WORK TASK ▸ The entries below are to be reproduced exactly, with their pictures omitted.

Records contained in a dataset ▸
# # # # # # #

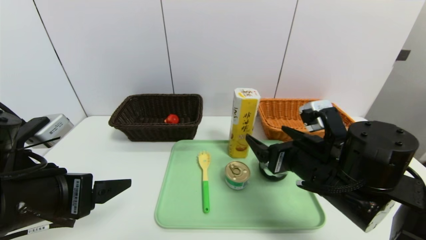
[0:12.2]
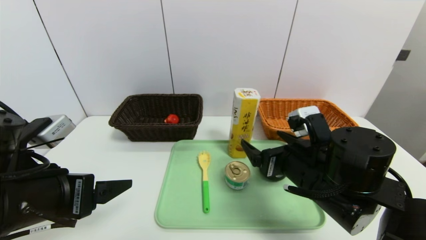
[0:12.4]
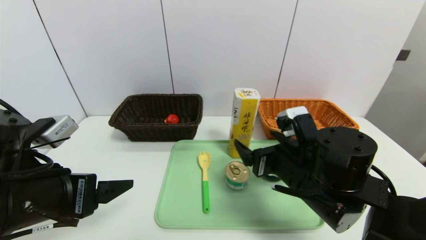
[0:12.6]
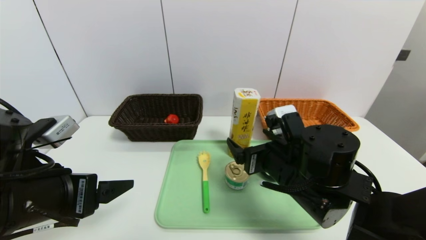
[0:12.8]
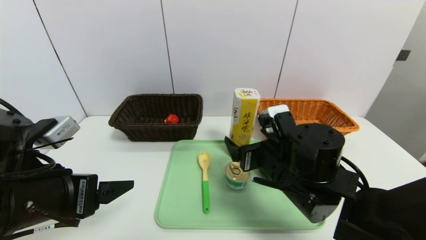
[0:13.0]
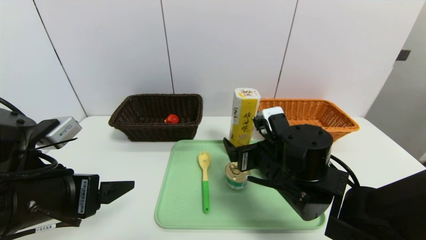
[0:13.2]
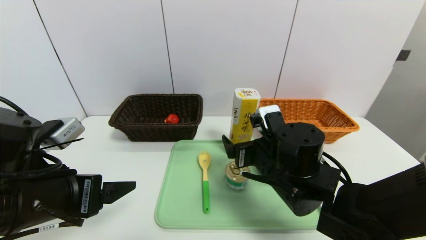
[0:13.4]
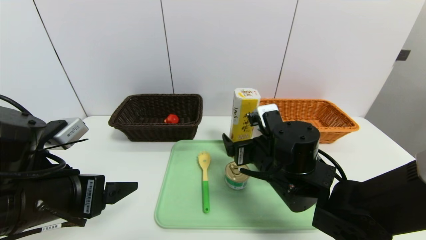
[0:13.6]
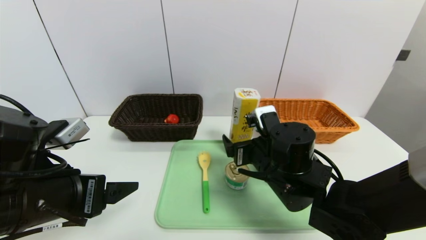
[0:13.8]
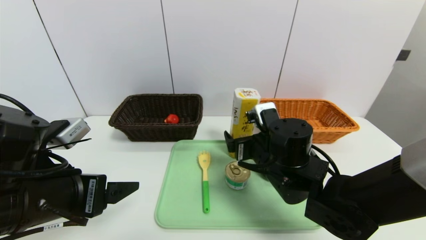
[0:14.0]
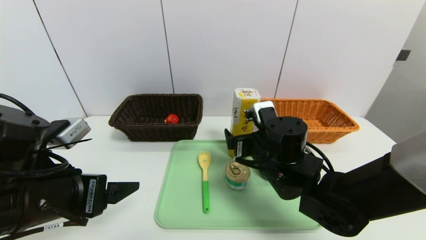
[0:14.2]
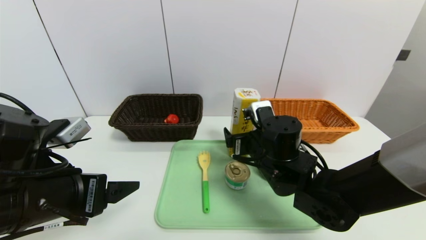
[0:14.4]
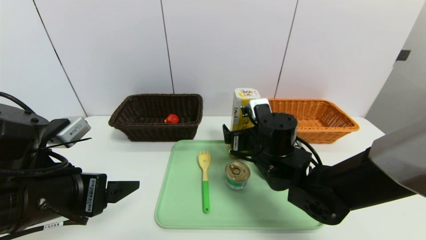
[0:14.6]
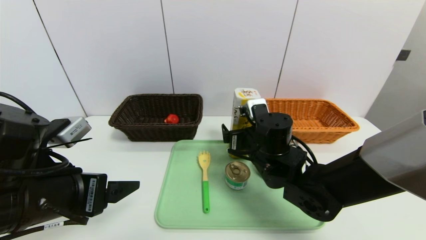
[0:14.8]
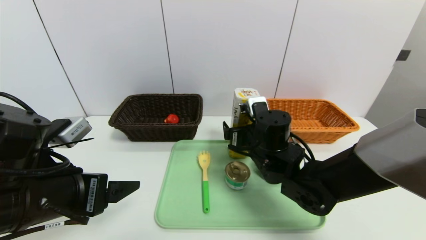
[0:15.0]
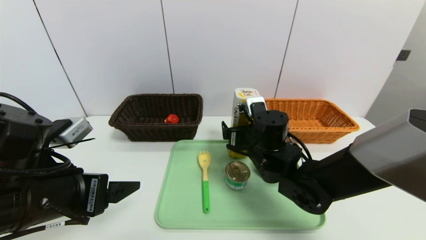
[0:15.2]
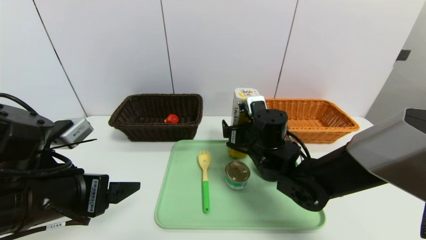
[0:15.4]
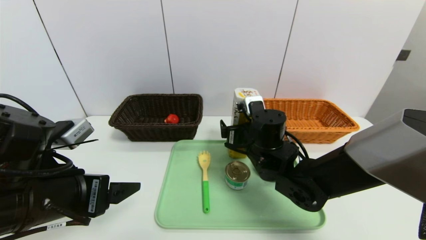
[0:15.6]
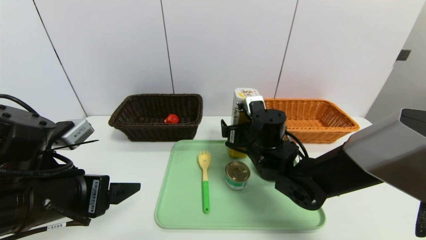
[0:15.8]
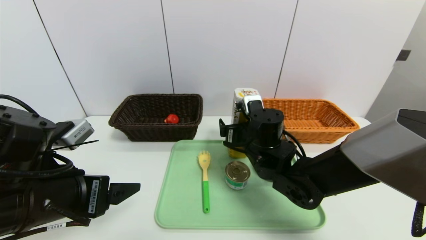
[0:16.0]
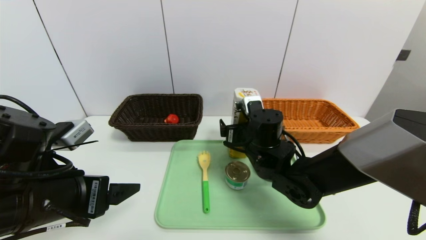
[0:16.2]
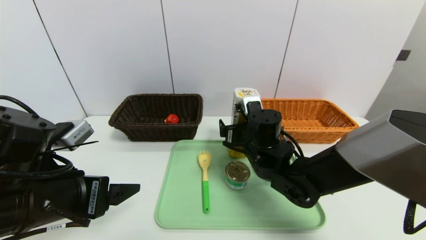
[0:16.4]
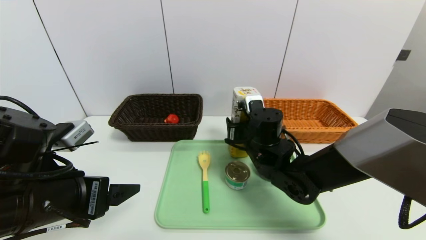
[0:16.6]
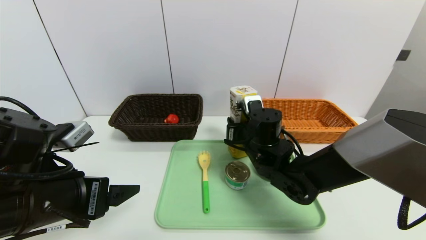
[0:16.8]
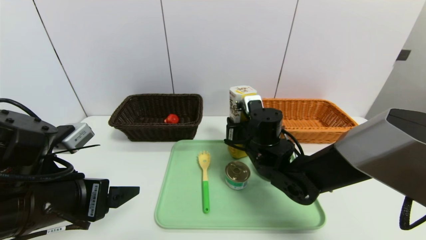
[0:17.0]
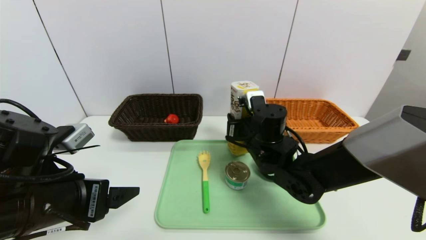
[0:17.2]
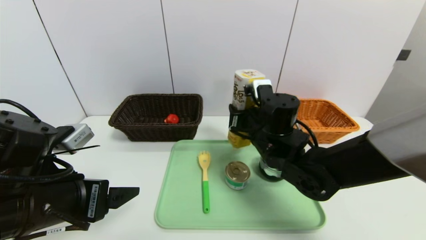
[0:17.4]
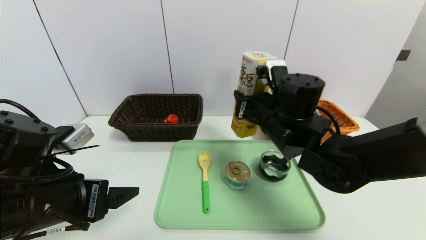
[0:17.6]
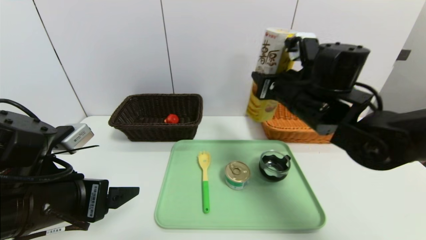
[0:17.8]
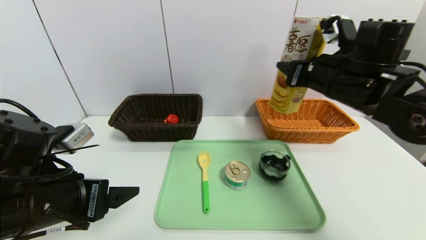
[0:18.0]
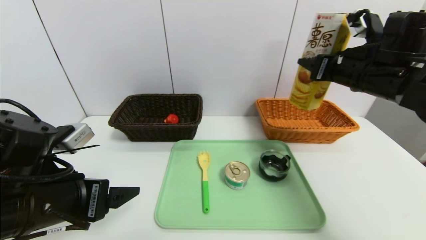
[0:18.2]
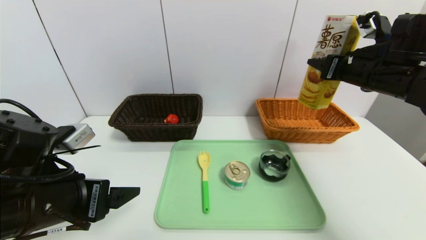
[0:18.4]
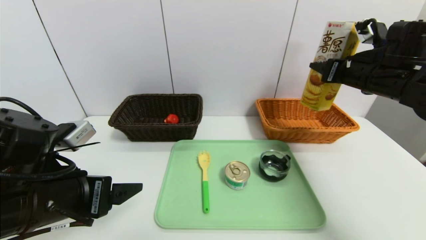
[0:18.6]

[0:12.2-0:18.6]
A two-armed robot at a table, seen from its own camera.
Task of the whole recording: place the food in the right basket with the right gripper, and place the non food items in the left basket with the left gripper.
0:12.2 to 0:13.8: The right gripper travels to the left by approximately 5 cm.
0:13.8 to 0:15.4: The right gripper shifts about 5 cm forward.
0:15.4 to 0:17.0: The right gripper closes its fingers.
0:17.0 to 0:18.6: The right gripper travels to the right and upward by about 25 cm.

# # # # # # #

TASK RESPONSE ▸
[0:12.2]
[0:12.4]
[0:12.6]
[0:12.8]
[0:13.0]
[0:13.2]
[0:13.4]
[0:13.6]
[0:13.8]
[0:14.0]
[0:14.2]
[0:14.4]
[0:14.6]
[0:14.8]
[0:15.0]
[0:15.2]
[0:15.4]
[0:15.6]
[0:15.8]
[0:16.0]
[0:16.2]
[0:16.4]
[0:16.6]
[0:16.8]
[0:17.0]
[0:17.2]
[0:17.4]
[0:17.6]
[0:17.8]
[0:18.0]
[0:18.2]
[0:18.4]
[0:18.6]

[0:12.2-0:18.6]
A two-armed robot at a table, seen from its own camera.
Task of the whole recording: place the food in the right basket with the right gripper, and place the non food items in the left basket with the left gripper.
0:12.2 to 0:13.8: The right gripper travels to the left by approximately 5 cm.
0:13.8 to 0:15.4: The right gripper shifts about 5 cm forward.
0:15.4 to 0:17.0: The right gripper closes its fingers.
0:17.0 to 0:18.6: The right gripper travels to the right and upward by about 25 cm.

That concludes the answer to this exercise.